Pascale Joassart-Marcelli is Professor of Geography at San Diego State University with a focus on the intersections of food, ethnicity, and place. For the past decade, her attention has been attuned to the transformation of San Diego neighborhoods like Barrio Logan and City Heights, hosting large immigrant communities, through social media platforms like Yelp.
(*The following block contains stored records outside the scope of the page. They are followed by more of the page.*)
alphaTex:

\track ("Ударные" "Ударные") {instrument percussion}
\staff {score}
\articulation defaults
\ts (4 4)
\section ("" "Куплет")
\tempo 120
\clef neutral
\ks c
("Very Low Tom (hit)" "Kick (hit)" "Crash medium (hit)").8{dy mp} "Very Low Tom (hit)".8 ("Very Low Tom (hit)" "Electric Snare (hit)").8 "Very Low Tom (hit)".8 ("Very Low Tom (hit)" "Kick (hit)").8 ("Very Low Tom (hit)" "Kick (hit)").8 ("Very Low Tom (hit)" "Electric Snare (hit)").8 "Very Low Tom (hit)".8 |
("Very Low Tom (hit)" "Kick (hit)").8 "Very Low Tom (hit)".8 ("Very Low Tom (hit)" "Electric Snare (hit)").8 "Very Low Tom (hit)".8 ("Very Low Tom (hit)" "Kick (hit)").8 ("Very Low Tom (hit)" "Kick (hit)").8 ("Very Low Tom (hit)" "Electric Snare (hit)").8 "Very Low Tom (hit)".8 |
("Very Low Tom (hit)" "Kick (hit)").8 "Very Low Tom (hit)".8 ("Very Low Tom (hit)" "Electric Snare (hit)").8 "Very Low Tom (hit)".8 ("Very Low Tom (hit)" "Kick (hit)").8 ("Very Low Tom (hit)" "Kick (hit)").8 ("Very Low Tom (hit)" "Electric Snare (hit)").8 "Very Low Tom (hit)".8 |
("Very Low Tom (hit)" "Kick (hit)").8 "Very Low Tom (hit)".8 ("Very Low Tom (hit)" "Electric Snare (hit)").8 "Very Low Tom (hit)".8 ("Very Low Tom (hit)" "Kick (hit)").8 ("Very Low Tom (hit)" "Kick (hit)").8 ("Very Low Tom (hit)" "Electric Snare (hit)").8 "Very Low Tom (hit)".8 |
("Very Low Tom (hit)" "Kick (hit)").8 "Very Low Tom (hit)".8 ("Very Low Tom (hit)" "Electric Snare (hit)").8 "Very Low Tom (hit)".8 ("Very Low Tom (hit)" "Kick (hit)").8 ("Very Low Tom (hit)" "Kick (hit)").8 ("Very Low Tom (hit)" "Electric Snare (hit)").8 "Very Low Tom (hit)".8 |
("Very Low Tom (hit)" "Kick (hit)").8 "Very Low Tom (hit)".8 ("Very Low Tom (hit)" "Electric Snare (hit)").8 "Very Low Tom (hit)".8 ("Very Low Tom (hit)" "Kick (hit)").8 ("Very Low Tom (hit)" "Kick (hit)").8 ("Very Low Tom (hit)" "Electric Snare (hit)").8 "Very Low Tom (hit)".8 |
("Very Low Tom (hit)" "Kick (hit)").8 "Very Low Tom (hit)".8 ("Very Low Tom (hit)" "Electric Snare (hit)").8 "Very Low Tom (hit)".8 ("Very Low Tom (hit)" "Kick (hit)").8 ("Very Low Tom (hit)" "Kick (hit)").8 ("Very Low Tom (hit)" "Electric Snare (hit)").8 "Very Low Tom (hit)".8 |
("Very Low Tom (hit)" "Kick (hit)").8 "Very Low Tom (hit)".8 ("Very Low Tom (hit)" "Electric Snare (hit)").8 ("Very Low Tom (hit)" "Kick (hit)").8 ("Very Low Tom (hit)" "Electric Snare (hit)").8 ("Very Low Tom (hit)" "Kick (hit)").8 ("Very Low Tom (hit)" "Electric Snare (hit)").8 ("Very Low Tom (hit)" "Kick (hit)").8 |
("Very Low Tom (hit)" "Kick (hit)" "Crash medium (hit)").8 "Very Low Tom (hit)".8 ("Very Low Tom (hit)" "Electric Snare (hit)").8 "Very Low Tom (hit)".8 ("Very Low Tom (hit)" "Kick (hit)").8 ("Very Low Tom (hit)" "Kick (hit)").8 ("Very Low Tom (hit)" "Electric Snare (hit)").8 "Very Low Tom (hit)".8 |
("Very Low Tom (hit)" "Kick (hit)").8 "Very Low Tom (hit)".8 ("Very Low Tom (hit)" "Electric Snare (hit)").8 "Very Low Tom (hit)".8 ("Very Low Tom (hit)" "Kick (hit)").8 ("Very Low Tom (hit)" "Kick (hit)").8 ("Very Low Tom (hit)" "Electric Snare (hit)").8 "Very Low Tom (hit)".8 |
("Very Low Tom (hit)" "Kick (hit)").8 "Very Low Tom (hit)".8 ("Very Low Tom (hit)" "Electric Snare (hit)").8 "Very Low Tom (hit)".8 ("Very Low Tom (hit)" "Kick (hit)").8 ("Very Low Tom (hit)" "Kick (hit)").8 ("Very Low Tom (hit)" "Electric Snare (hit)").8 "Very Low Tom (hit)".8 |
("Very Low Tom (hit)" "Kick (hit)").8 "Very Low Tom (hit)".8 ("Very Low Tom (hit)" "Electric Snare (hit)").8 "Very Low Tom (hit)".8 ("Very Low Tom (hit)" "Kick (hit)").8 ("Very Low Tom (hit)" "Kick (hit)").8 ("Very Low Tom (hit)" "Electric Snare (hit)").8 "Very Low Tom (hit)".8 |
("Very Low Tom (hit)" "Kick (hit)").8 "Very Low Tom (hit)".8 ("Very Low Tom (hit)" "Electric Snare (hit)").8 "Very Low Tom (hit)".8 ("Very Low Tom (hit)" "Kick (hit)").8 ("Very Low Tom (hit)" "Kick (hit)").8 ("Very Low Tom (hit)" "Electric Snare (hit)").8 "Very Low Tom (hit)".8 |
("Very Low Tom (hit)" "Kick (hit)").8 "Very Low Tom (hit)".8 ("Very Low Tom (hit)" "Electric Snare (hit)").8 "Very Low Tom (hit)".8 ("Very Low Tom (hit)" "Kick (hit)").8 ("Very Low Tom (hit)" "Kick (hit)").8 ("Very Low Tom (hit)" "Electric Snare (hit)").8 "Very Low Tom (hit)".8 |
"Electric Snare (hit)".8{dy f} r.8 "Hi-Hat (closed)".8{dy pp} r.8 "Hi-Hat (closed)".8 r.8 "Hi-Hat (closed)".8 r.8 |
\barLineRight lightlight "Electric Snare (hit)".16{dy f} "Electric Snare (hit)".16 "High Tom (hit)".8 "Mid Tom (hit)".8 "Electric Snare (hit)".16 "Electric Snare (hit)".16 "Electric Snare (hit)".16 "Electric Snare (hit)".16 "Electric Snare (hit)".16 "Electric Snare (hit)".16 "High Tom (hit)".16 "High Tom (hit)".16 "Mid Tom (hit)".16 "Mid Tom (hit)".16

In a recent op-ed, which draws on her analysis of 2,400 Yelp reviews of the best- and worst-rated restaurants in these neighborhoods, Joassart-Marcelli underscores that most highly-rated ethnic restaurants in Barrio Logan and City Heights are located “in areas where the foodscape is in the process of becoming more cosmopolitan and oriented toward white consumers.” As predominantly white Yelpers flood ethnic foodscapes in search of “exotic” food, Joassart-Marcelli concludes, food prices rise, rent skyrockets, and cultural expression stagnates, slowly corralling the ethnic into a sociotechnical, normative order. It follows, then, that Apple’s partnership with Yelp, justified as giving “voice” to small businesses, is far from innocent and shows how speech recognition can be critically examined as a place-making practice. Additionally, it goes without saying that gentrification is a disability issue. The conflux of aggressive urban development policies and the financial limitations imposed on disabled people by public programs such as Social Security Disability Insurance (SSDI) can lead to socioeconomic disparities in housing, safety, food security, and more.
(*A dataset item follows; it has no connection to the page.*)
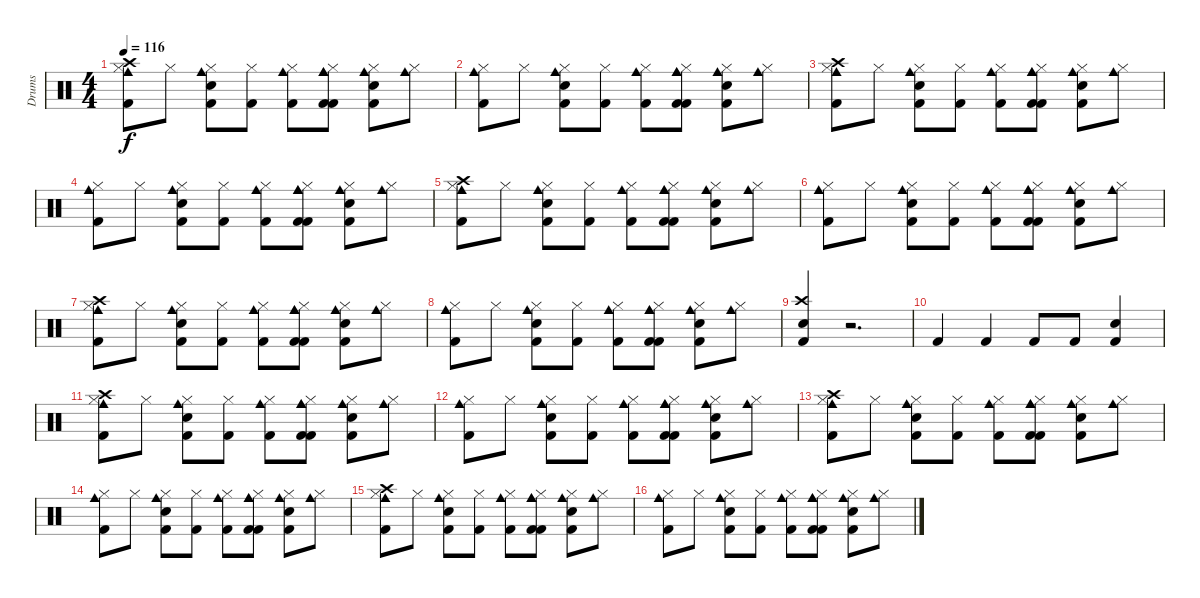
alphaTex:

This brief analysis seeks to spotlight only a few sociopolitical aspects of speech recognition systems through the lens of Siri. By integrating user location data into Siri’s ASR platform, Apple had to “bring under one roof” ideologies of population management, a social media platform, and market demands, amid a much broader human and non-human actor network. What can be observed is the recognitive violence this program has inflicted on identity formation, linking the “ear” of Siri overwhelmingly toward the subject position of the consumer. What can be speculated is the potential contributions this orientation may have on the representation and transformation of public space. If Siri affords me a certain degree of access in my daily life, it is not without disaffording many of my neighbors in the near future. Today, when I found out that a beloved local business just two doors down from Urth is closing, I couldn’t help but wonder if that future is closer than we think.
Joshua A. Halstead is an epistemic activist working at the intersection of critical disability studies, design pedagogy, and community organizing.